In another preferred embodiment, a composition according to the invention comprises ATT, ΙΆΤΧ or a derivative and UVA and UVB filters. This composition can also comprise ROS trappers.

Such a composition can be used to prevent melanoma or to prevent damage linked to UV exposure, in particular aging.

Such a composition can be in the form of a sunscreen or a protective day cream against damage caused by solar UV rays.

The composition according to the invention is preferably formulated so as to be suitable for topical use. Knowing that, here, it is a question of protecting the skin from the effect of solar radiation, the forms with local application which appear appropriate are for example the emulsions Oil in Water (O / W) or Water in Oil (O / H), the latter having, as we know, the advantage of having a high absorption coefficient (between 40 and 80), and therefore potentially very good protective power. Thanks to its two phases, the emulsion makes it possible to incorporate both hydrophilic molecules and lipophilic molecules, an advantage which is used to combine different UV filters and thus increase the level of protection of sunscreen preparations. Here, ATT is strictly fat-soluble; however, in vivo, ATT is metabolized in animals as in humans to a phenolic compound by the liver, ΓΑΤΧ or 4-OH-anethole trithione (Li et al., J Pharm Biomed Anal, 2008, 47: 612- 617), which authorizes the synthesis of esters, a potential access route to water-soluble derivatives (examples: sulfate, hemisuccinate, phosphate, ethylidenephosphate, amino acid esters, etc.).

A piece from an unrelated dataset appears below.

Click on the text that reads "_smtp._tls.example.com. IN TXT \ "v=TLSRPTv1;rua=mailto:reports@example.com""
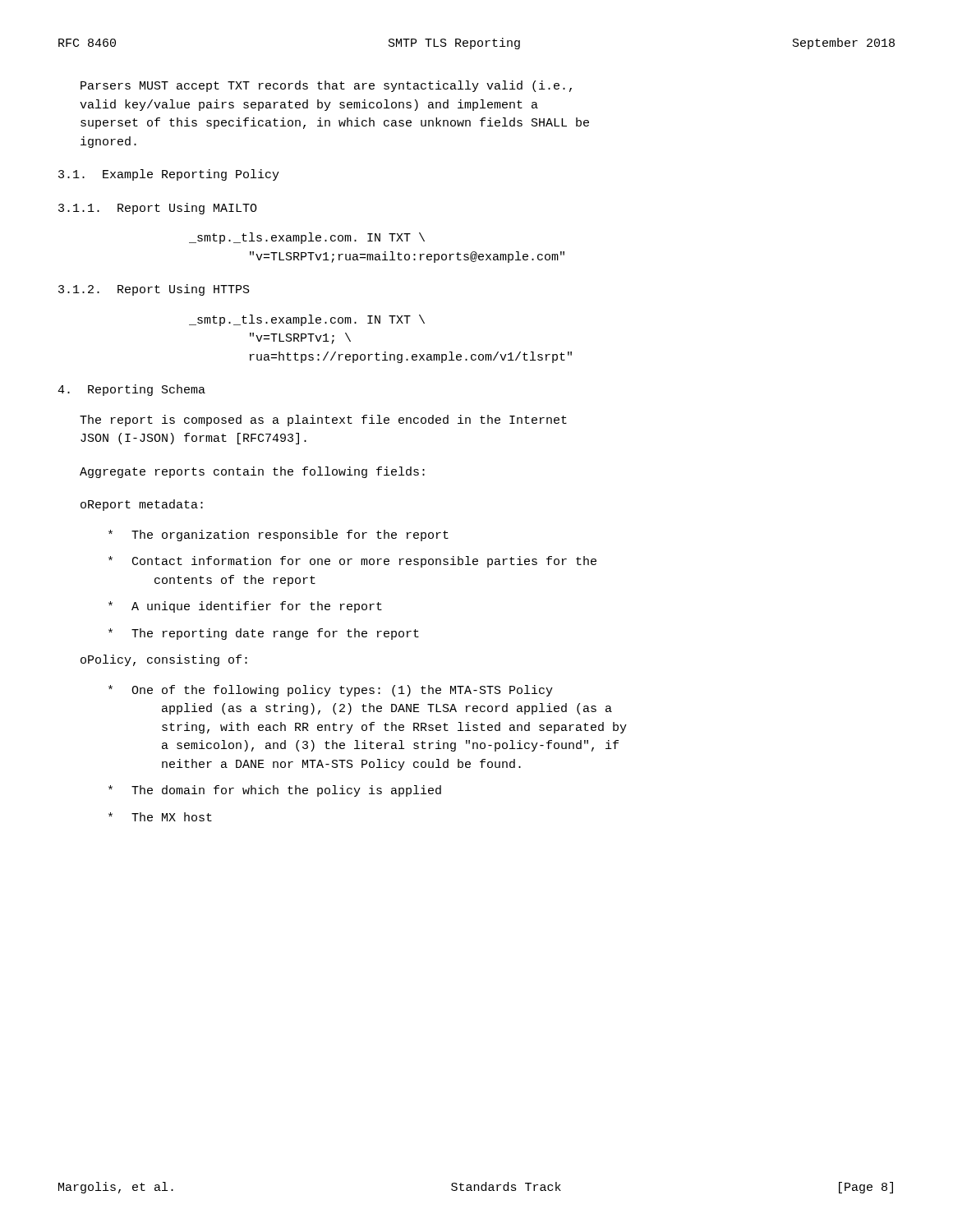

In the prevention of UV-related damage, in particular of melanoma, oral administration of the inhibitor according to the invention could be proposed in addition to the topical application of a cream containing it. This approach would, at least partially, protect from the problems of compliance with local treatments, while strengthening their action.

Claims (7)

1. Specific inhibitor of ROS production of mitochondrial origin chosen from anethole trithione (ATT), 4-OH-anethole trithione (ATX) or an ATX ester or a combination of at least two of these molecules , for its use in the prevention of skin damage due to UV exposure and melanoma. 2. Inhibitor according to claim 1, for its use in the prevention of skin aging linked to UV exposure. 3. Composition for topical use comprising ΙΆΤΤ and ATX or an ATX ester or a combination of at least two of these molecules and excipients. 4. Composition according to claim 3, further comprising UVA and / or UVB filters and / or ROS trappers. 5. Composition according to one of claims 3 or 4, intended for cosmetic use. 6. Composition according to one of claims 3 or 4, for its use in the prevention of skin damage due to exposure to UV and melanomas. 7. Composition according to claim 6, for its use in the prevention of skin aging.